The joke that is "do more"
*Click the Title above to view complete article on https://www.nation.com.pk/.
The "do more" admonition, commandment or challenge, which Pakistan has to put up with since soon after 9/11, has taken on a strikingly jarring ring. It has been endlessly repeated by the US media and officials. The latest salvo comes from General David McKiernan, US commander of 70,000 foreign troops in Afghanistan, who harps on the theme of eliminating the 'Taliban basis' within Pakistan's territory with greater efforts. His demand comes as he expects the injection of 21,000 more American troops in Afghanistan to put down the spreading insurgency and would, understandably, like to plug all possible avenues that he feels could contribute to his failure.
A vast majority of the people in Pakistan consider the "do more" voices no more than a cruel joke. It should be clear to the meanest intelligence that the country, which has suffered thousands of casualties and where no place appears to be secure from terrorist attacks, could not be taking the matter lightly. Nevertheless, it cannot pursue a ruthless military operation against its own people; it has to be mindful of its backlash that is already in evidence in the form of an increasing number of suicide bombings. Another course of action would be worth trying.
For General McKiernan to counsel Islamabad to put in more effort to root out the scourge from the tribal areas sounds, therefore, a bit too odd. Having been in the region, he should understand its complexities and the critical situation Pakistan is in better than the policymakers sitting in Washington and would do well to advise them to take a more realistic position. While it would be incorrect to absolve the forces that have been presiding over the country's destiny over the years from the blame of messing things up, US strategic objectives have had quite a share in bringing the situation to such a pass.
As it is, the country stands at a crossroads where all available routes seem to lead to one dangerous terminal or the other.

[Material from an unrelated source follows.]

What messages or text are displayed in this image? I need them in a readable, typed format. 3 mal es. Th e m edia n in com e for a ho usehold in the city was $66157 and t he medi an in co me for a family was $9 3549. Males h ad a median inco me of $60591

The crisis is, perhaps, worse than the one of 1971 that brutally rent the two parts of the country asunder. There are sharp divisions among as well as within the religious and liberal classes on the fundamental issue of the nature of polity the country should evolve itself into: theocratic, secular democratic or liberal democratic having a strong undercurrent of Islamic values. The general run of people, mired in the fight for survival against heavy economic odds, has remained outside the political arena; it is, at best, perplexed.
No doubt, the question of choosing a particular system of governance should ordinarily be an internal responsibility. But the issue has assumed frightening proportions as a direct result of Pakistan's participation in the US-sponsored War On Terror that has cost the country precious lives and enfeebled its economy. In financial terms, the loss would run into tens of billions of dollars against which the aid the Americans have given it would look pretty meagre.

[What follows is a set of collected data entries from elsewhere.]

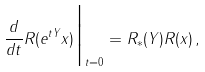<formula> <loc_0><loc_0><loc_500><loc_500>\frac { d } { d t } R ( e ^ { t Y } x ) \Big | _ { t = 0 } = R _ { \ast } ( Y ) R ( x ) \, ,</formula> 
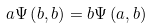<formula> <loc_0><loc_0><loc_500><loc_500>a \Psi \left ( b , b \right ) = b \Psi \left ( a , b \right )</formula> 
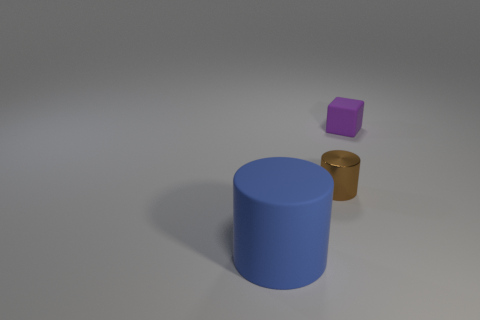Add 3 large gray matte balls. How many objects exist? 6 Subtract all blocks. How many objects are left? 2 Subtract 1 brown cylinders. How many objects are left? 2 Subtract all cylinders. Subtract all tiny cylinders. How many objects are left? 0 Add 1 small purple blocks. How many small purple blocks are left? 2 Add 3 purple things. How many purple things exist? 4

As region watchers would point out, before the US chose to appear on the scene, Pakistan's tribal belt on the periphery of Afghanistan from which most of these troubles emanate was a calm place, living in relative harmony with the federation, though governed by its own laws and customs.
The Americans inspired bands of young tribesmen and Muslims from different parts of the world with the spirit of jihad, recruited and trained them to fight the 'infidel' Soviets out of Afghanistan. In that mission, they found Pakistan a willing ally because of its own fears of the Russian presence next door. This factor has been cited to put the blame on Pakistan for the consequences of the geopolitical struggle between the two superpowers, but the view overlooks an important responsibility that the US had for taking care to rehabilitate in society the elements it had helped fire with religious fervour. Washington simply decided to withdraw from the area rather than play a leading role expected of it in properly winding up the socio-economic side of the operation, a role that was too difficult for Islamabad to handle single-handed.
While Pakistan was left to find its feet struggling against these elements for more than a decade, the US re-entered the scene on the excuse of getting hold of Osama bin Laden, dead or alive, whom the Taliban government had refused to surrender following 9/11. But this time round, it had to fight the same forces it had brought forth and nurtured.
Pakistan has to face another situation unfavourable to the US. Not merely the religious elements but a vast majority of the rest of the population as well are opposed to its presence in the region, as borne out by the various opinion polls conducted by international agencies. They are not necessarily supportive of militants; in fact, most are not. But if anyone is sympathetic to them, it is because of their cause of driving the American forces out of the region. It must be noted that there would be few dissident voices against the objective of their departure.
The Pakistan government finds itself in a vice-like grip, being squeezed by the US to "do more" from one side and the growing phenomenon of militancy from the other. One should expect the US to show patience and understanding of Pakistan's problems and give it solid support to fight off the pressure from the militants.